Prior screen-recognition efforts aimed at merely improving specific apps without giving the user control over fine-tuning accessibility capabilities, making them useful only for a subset of the visually impaired community, according to accessibility expert Jennifer Mankoff, Richard E. Ladner Endowed Professor and Associate Director for Diversity and Inclusion in the Paul G. Allen School of Computer Science & Engineering at the University of Washington, in Seattle.

"Solutions to app inaccessibility can be problematic," said Mankoff, adding that Apple's Screen Recognition app "shows that they can hold promise."
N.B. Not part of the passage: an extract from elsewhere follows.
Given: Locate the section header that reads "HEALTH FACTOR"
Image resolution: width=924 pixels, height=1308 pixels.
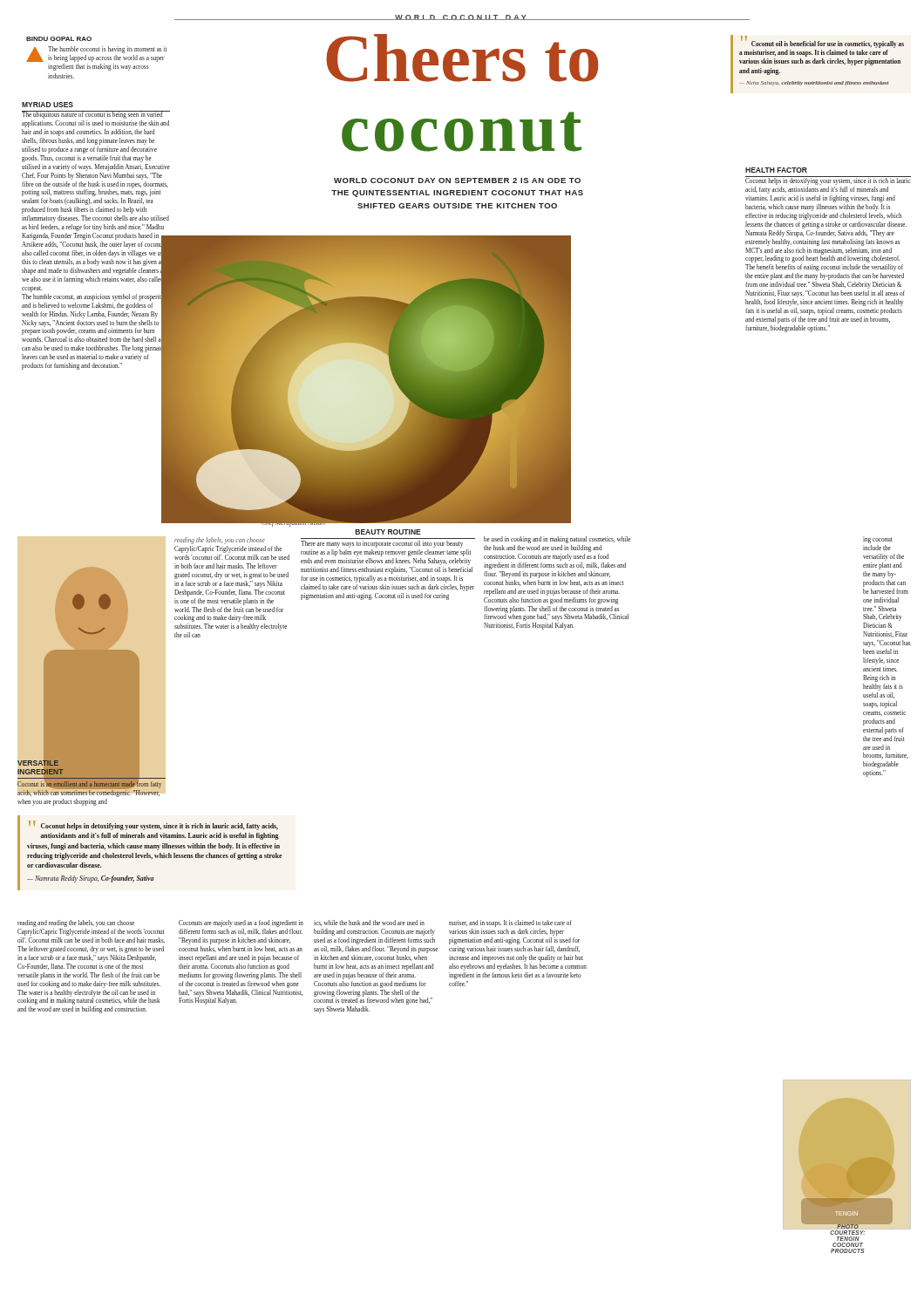Looking at the screenshot, I should coord(776,170).

VoiceOver and Screen Recognition together supply over 200 user-selectable fine-tuning accessibility options. Zhang claims Apple aims to improve accessibility further by automatically adding the necessary semantic metadata required for use by the blind to many more of the millions of apps available under iOS, iPadOS, and MacOS. That goal has not yet been achieved, but Zhang says he and his Apple engineering colleagues are committed to pursuing it. Their guiding principle for accessibility algorithms is that they work at run-time, rather than require prior human tweaking app by app, allowing the visually impaired users to fine-tune how any app they select works best for them.

Screen Recognition does not make every app usable by the blind yet, Asakawa acknowledges—most games being a notable exception—but by putting the user in charge of fine-tuning its capabilities, it can make many apps more usable to the visually impaired today. More importantly, Asakawa hopes the usability of apps previously thought impossible to be made accessible will inspire a landslide of accessibility improvements by other smartphone, desktop computer, and website developers.

R. Colin Johnson is a Kyoto Prize Fellow who has worked as a technology journalist for two decades.